= Gianluca Miniaci =

Italian Egyptologist

Gianluca Miniaci is an Italian Egyptologist, currently Associate Professor at the University of Pisa.

He studied from 1999 to 2004 Classical Archaeology and wrote his dissertation in Egyptology on "The royal necropolis of the 17th dynasty at Dra Abu el-Naga (Thebes west)". This work received an honor. In 2008 he finished his PhD in Egyptian Archaeology at the University of Pisa, titled "The funerary culture at the end of the Second Intermediate Period: the emergence of the rishi coffin style". He continued his academic formation in London, Institute of Archaeology, UCL and in Paris, École Pratique des Hautes Études, EPHE, thanks to two Individual Marie Curie Fellowships. He worked in the most renowned museums, as the British Museum and the Musée du Louvre.

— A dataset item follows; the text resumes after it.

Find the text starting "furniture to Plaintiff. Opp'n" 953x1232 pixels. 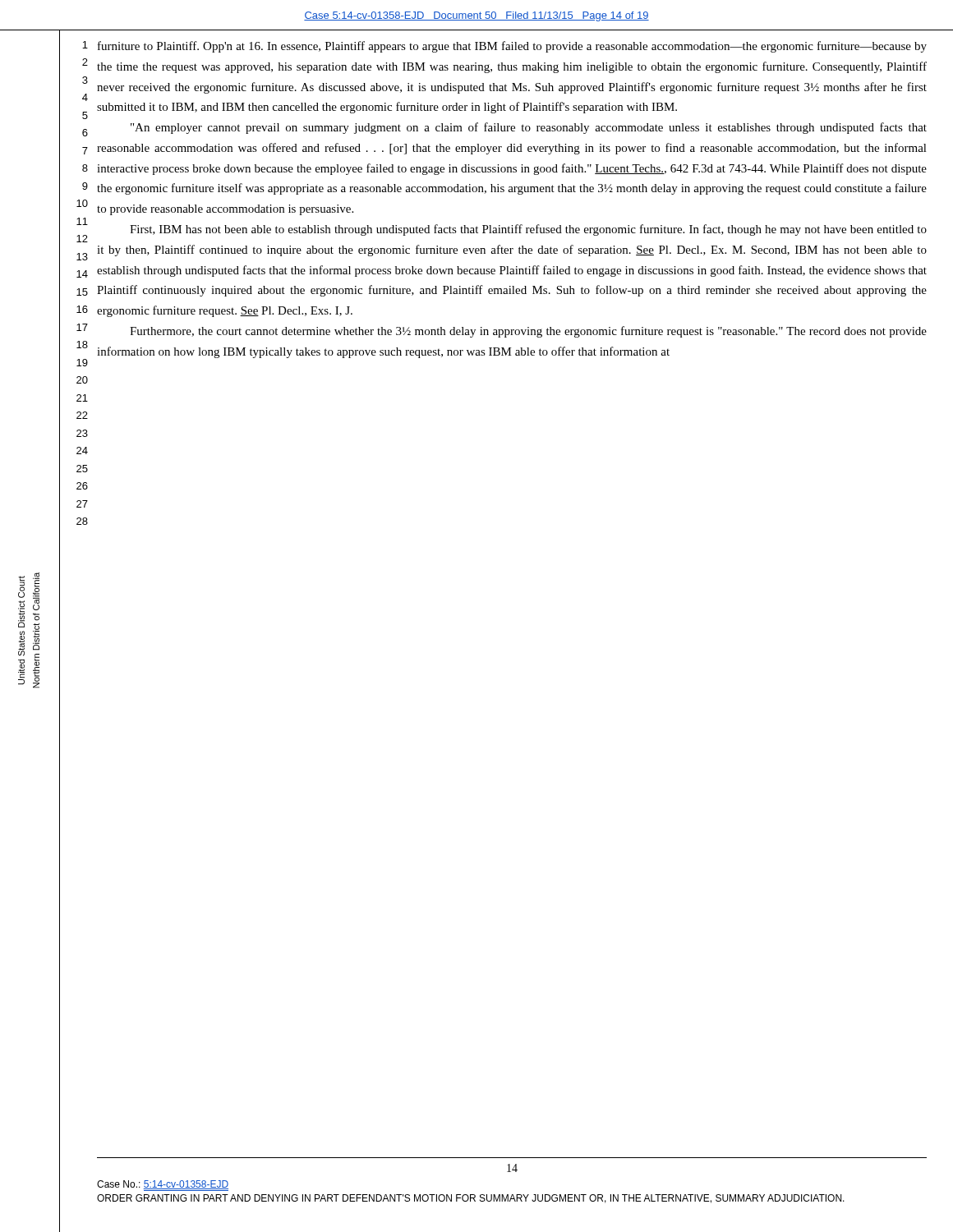512,77
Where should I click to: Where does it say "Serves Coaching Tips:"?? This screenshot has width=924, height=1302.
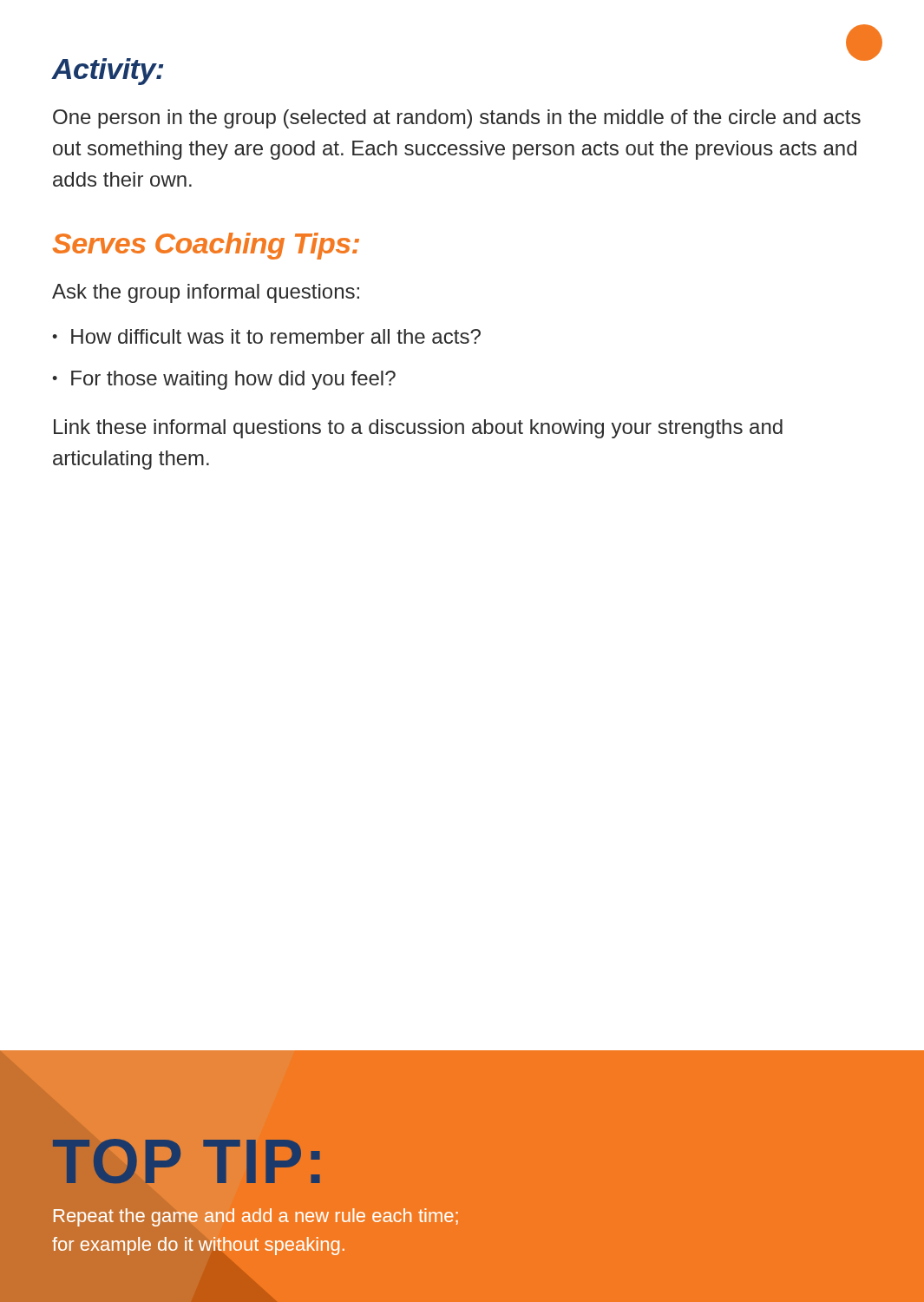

Miniaci is directing an archaeological mission in the site of Zawyet el-Maiyitin (Menya, Egypt) and he is deputy-director of the University of Pisa excavation at Thebes, in the cemetery of Dra Abu el-Naga. He is editor-in-chief of the international series "Middle Kingdom Studies", Golden House Publications, of the "Journal of Egyptian History", Brill-Leiden, and of the series "Ancient Egypt in Context" (together with Juan Carlos Moreno Garcia and Anna Stevens), from the Cambridge University Press.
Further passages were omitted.